Massage engages a coordinated neuroendocrine program—down-regulating the hypothalamic–pituitary–adrenal (HPA) axis while recruiting oxytocinergic, vagal, and (secondarily) monoaminergic systems—and these hormonal/neuromodulatory shifts have recognizable EEG correlates that are also seen in non-massage paradigms.
Moderate-pressure massage reliably produces a parasympathetic, anti-stress profile with heart rate/blood pressure reductions and decreased cortisol, especially when pressure and contact are sufficient to engage interoceptive/affective touch pathways. Mechanistic overviews and trials consistently place cortisol ↓ alongside vagal ↑ as primary endocrine signatures of hands-on massage [78,95]. These endocrine changes map to reproducible EEG features of low arousal: in massage datasets, relaxed-alert profiles (α ↑ with β/γ↓, or δ ↑ with β/γ ↓ depending on site/modality) accompany subjective calm. In the broader literature, exogenous cortisol administration increases delta–beta coupling at mid-frontal leads [96]—an EEG marker of stress integration [97,98,99]—connecting HPA output to cross-frequency dynamics directly; by symmetry, massage-related cortisol reductions predict the inverse shift (weaker δ–β coupling, less “stress binding”). Acute psychosocial stress also perturbs frontal alpha asymmetry (FAA), typically pushing activity rightward (i.e., alpha leftward) with recovery dynamics coupled to cortisol time-courses [100,101,102]; FAA thereby functions as a cortical readout of HPA state that moves in the opposite direction during relaxing, moderate-pressure massage.
Contemporary “touch medicine” models highlight C-tactile (CT) afferent input during slow/moderate stroking as a driver of oxytocin release [103] and interoceptive/limbic engagement (insula [104,105], ACC [106]) during caring touch—precisely the circuitry implicated in autonomic and endocrine control [76]. As we know, EEG studies without massage confirm that boosting oxytocin causally shifts cortical dynamics in directions that mirror massage: a single intranasal dose increases left-frontal approach-related FAA during live eye contact, indicating enhanced approach motivation/positive affect, the same polarity shift often seen after massage in the dataset in this review. At rest, oxytocin stabilizes EEG microstates (longer state durations) and down-weights an interoceptive/autonomic network (microstate C) in favor of an attention/fronto-parietal network (microstate D)—a millisecond-scale reorganization associated with anxiolysis [107,108,109]. Oxytocin has also been shown to alter EEG cross-frequency interactions and to covary with HRV [110,111,112], reinforcing the tight endocrine–autonomic–cortical coupling that massage appears to exploit via CT-optimal stimulation. In short, oxytocinergic facilitation provides a direct hormonal route by which affective touch lowers defensive autonomic set points and produces the calm-alert EEG motifs cataloged after hands-on massage.
Massage reviews frequently report mood improvement with parasympathetic dominance [113]; although monoamine assays are less consistently sampled in massage trials, the EEG consequences of serotonergic modulation are well characterized in pharmacology.

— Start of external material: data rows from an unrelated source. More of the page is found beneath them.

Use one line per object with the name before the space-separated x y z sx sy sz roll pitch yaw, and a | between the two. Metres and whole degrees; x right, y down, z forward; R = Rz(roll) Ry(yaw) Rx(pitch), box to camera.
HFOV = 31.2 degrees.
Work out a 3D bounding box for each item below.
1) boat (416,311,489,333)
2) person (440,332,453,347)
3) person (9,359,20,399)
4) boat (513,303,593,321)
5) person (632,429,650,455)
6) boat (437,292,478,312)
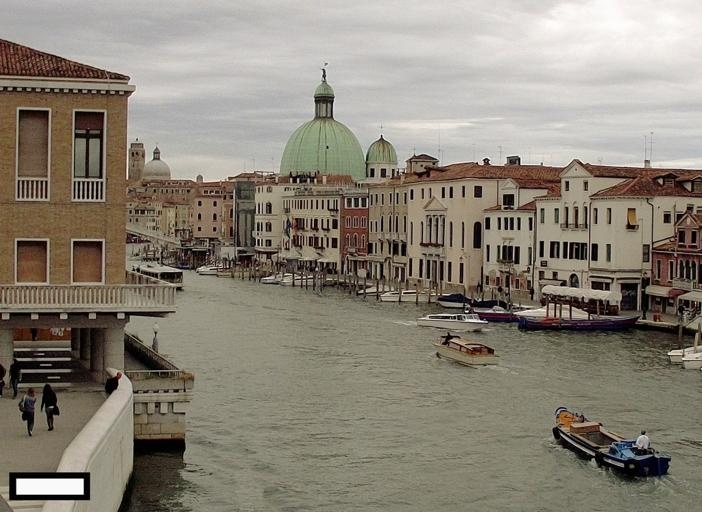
boat | 6.911 4.630 86.221 4.525 0.898 1.562 2 1 30
person | 5.684 5.056 74.986 0.719 0.645 0.664 2 -4 -7
person | -12.903 4.758 48.449 0.380 1.327 1.488 -2 1 -15
boat | 13.763 3.972 86.644 5.305 1.039 1.496 2 -2 10
person | 11.905 7.844 52.009 0.626 0.677 0.566 -1 1 7
boat | 8.066 3.708 98.178 1.007 0.948 3.011 5 1 -40

A recent systematic review shows that SSRIs/SNRIs produce reproducible, agent-specific spectral signatures in resting EEG (with overlapping but distinct patterns across drugs), supporting a causal chain from 5-HT reuptake blockade → network-level oscillatory change [114]. Pretreatment alpha power/asymmetry also predicts SSRI response (responders show greater posterior alpha and a characteristic hemispheric pattern), demonstrating that serotonergic state is reflected in baseline EEG and that 5-HT-linked mood regulation has quantifiable oscillatory correlates [115]. These pharmaco-EEG findings give a mechanistic backdrop for massage outcomes: protocols that most strongly downshift arousal and normalize affect (vagal ↑, HPA ↓, oxytocin ↑) tend to yield alpha facilitation with β/γ quieting, i.e., the same direction of change that accompanies effective serotonergic interventions at the network level in depression. (Agent-specific exceptions are expected, hence the value of measuring EEG rather than assuming uniform pathways.)
The locus coeruleus–noradrenergic (LC–NE) system is a principal driver of cortical arousal; elevated NE tone promotes high-frequency activity and vigilance [116,117], whereas α2-agonism or LC suppression shifts EEG toward lower-frequency, less activated states [118]. Massage’s robust β/γ reductions (in many—but not all—protocols) fit a model in which tactile interoceptive input indirectly damps NE-mediated cortical gain via vagal/oxytocinergic pathways, complementing HPA down-regulation. This alignment between NE physiology and oscillatory signatures provides a second, non-serotonergic route through which massage can reduce fast-band activity.
Across endocrine systems, non-massage EEG experiments show (i) cortisol tracks cross-frequency coupling and FAA during stress; (ii) exogenous oxytocin pushes FAA leftward and stabilizes intrinsic EEG networks; and (iii) serotonergic manipulations leave distinct, replicable oscillatory “fingerprints”. In massage, convergent physiological evidence indicates cortisol ↓ with vagal ↑, recruitment of oxytocinergic/interoceptive hubs, and ANS quieting. This triad forecasts the EEG patterns you summarized (α facilitation, β/γ dampening, left-frontal asymmetry shifts, and selective δ/θ increases depending on site/modality). This neuroendocrine–EEG convergence yields precise table predictions for massage research: if a protocol most effectively reduces cortisol and raises oxytocin (and/or enhances vagal HRV), it should (a) decrease δ–β coupling and β/γ power, (b) increase posterior α (or stabilize α sources in insula/ACC/PCC depending on body site), and (c) shift FAA leftward—each effect measurable within minutes post-treatment.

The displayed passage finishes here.